Work item
Lines in the listing below that hold "pixels" are the ones to copy.

Exercise input
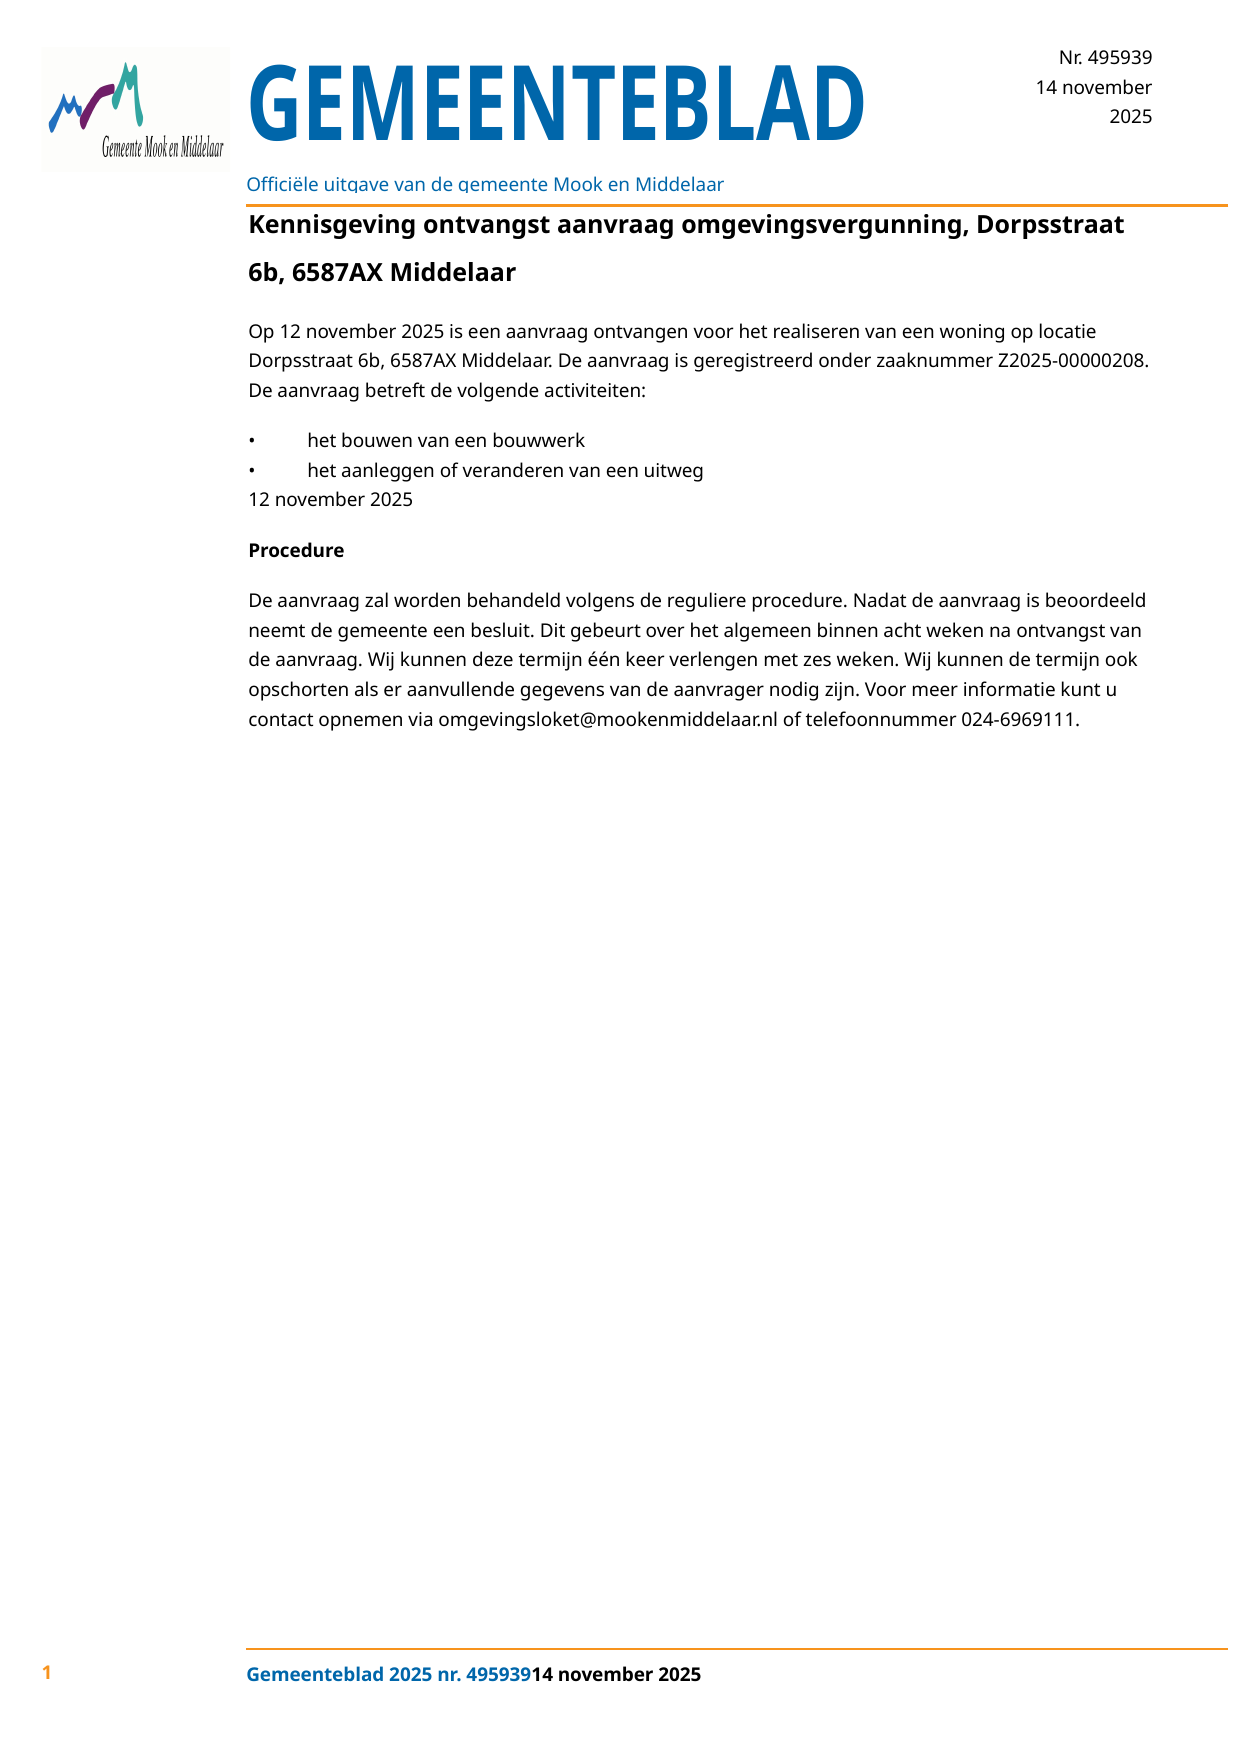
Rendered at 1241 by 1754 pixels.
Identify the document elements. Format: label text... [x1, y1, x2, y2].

text Procedure [248, 537, 1152, 563]
text Op 12 november 2025 is een aanvraag ontvangen voor het realiseren van een woning op locatie Dorpsstraat 6b, 6587AX Middelaar. De aanvraag is geregistreerd onder zaaknummer Z2025-00000208. De aanvraag betreft de volgende activiteiten: [248, 318, 1152, 403]
list het aanleggen of veranderen van een uitweg [248, 457, 1152, 483]
picture [41, 47, 231, 172]
text De aanvraag zal worden behandeld volgens de reguliere procedure. Nadat de aanvraag is beoordeeld neemt de gemeente een besluit. Dit gebeurt over het algemeen binnen acht weken na ontvangst van de aanvraag. Wij kunnen deze termijn één keer verlengen met zes weken. Wij kunnen de termijn ook opschorten als er aanvullende gegevens van de aanvrager nodig zijn. Voor meer informatie kunt u contact opnemen via omgevingsloket@mookenmiddelaar.nl of telefoonnummer 024-6969111. [248, 587, 1152, 732]
text Kennisgeving ontvangst aanvraag omgevingsvergunning, Dorpsstraat 6b, 6587AX Middelaar [248, 207, 1152, 288]
text 12 november 2025 [248, 487, 1152, 512]
list het bouwen van een bouwwerk [248, 427, 1152, 453]
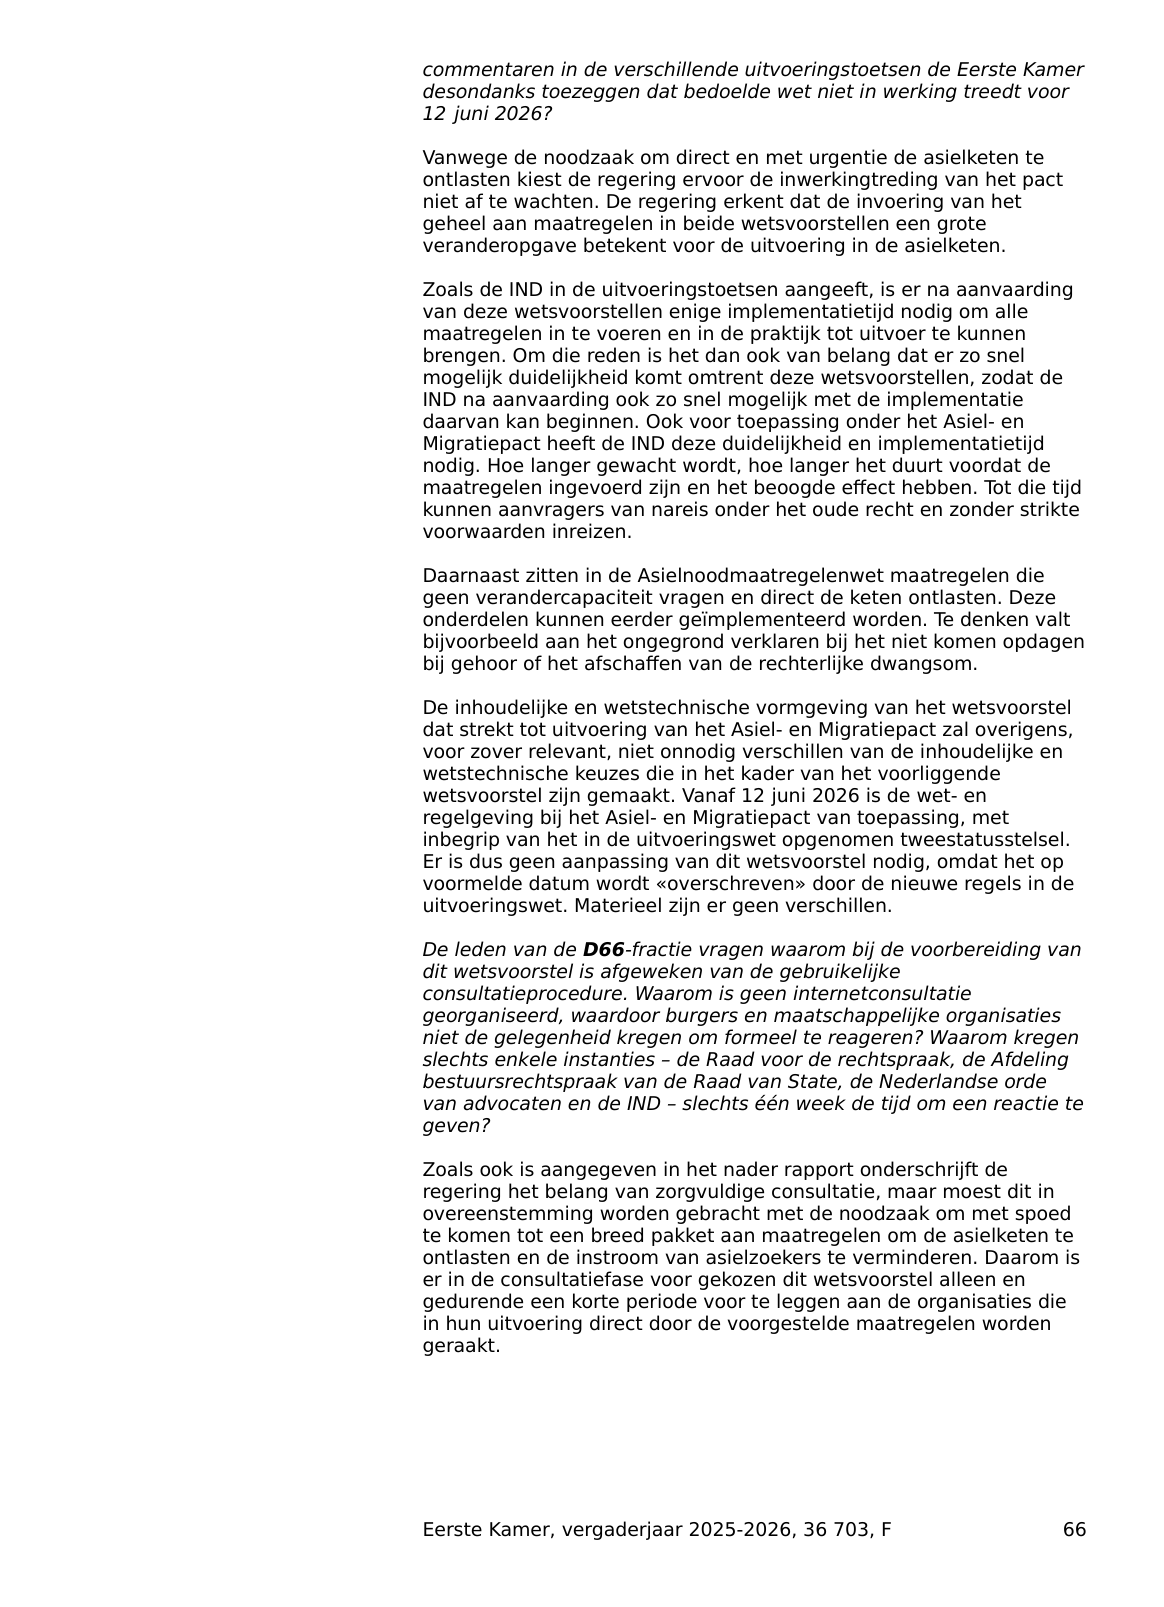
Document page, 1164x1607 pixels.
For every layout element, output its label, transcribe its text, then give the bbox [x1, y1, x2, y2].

The completed task
Rendered at 1241 by 1754 pixels.
Document page, 1164x1607 pixels.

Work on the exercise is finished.